YOUR TASK: Set down again, exactly and only, the lines from the one that contains "Image width covers" through the last line of the records below, both included, but not the pictures.

★ ★ ★

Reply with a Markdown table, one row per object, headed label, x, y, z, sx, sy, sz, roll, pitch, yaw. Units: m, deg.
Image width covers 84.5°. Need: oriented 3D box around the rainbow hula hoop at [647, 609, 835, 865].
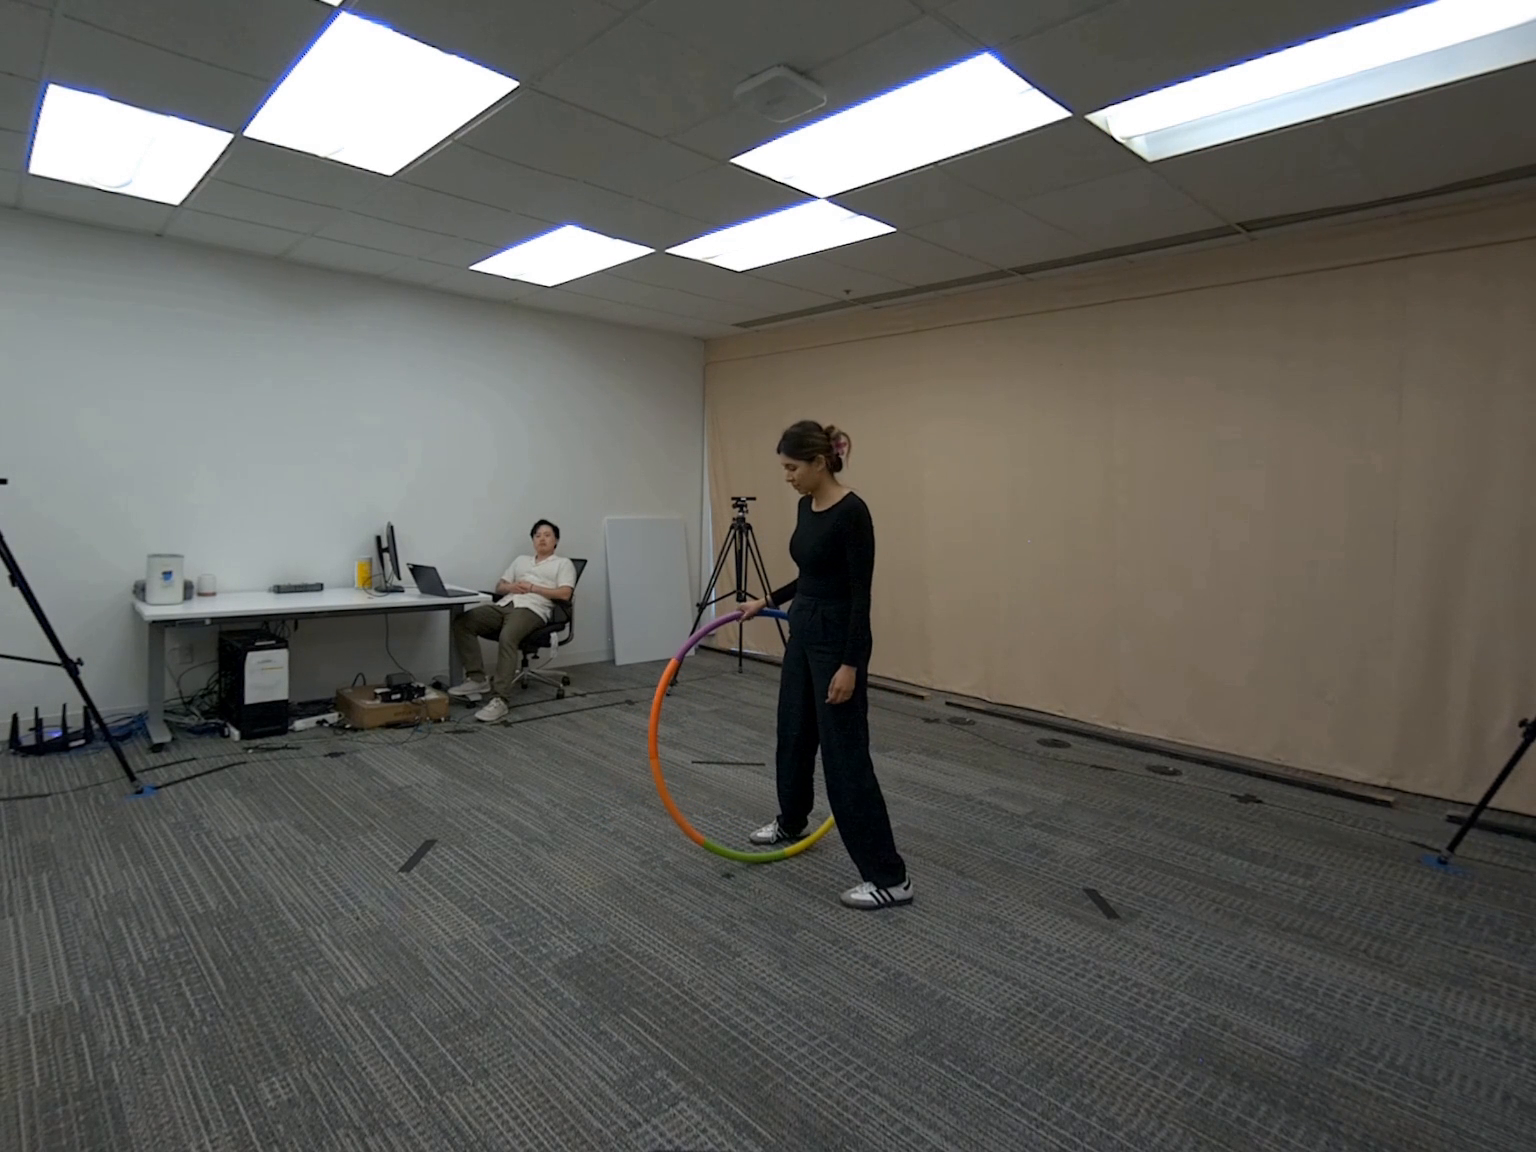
| label | x | y | z | sx | sy | sz | roll | pitch | yaw |
| --- | --- | --- | --- | --- | --- | --- | --- | --- | --- |
| rainbow hula hoop | -0.010 | 0.610 | 3.301 | 0.959 | 0.983 | 0.036 | -1 | -7 | -30 |

★ ★ ★

REPLY TO THE EXERCISE:
Image width covers 84.5°. Need: oriented 3D box around the rainbow hula hoop at [647, 609, 835, 865].
| label | x | y | z | sx | sy | sz | roll | pitch | yaw |
| --- | --- | --- | --- | --- | --- | --- | --- | --- | --- |
| rainbow hula hoop | -0.010 | 0.610 | 3.301 | 0.959 | 0.983 | 0.036 | -1 | -7 | -30 |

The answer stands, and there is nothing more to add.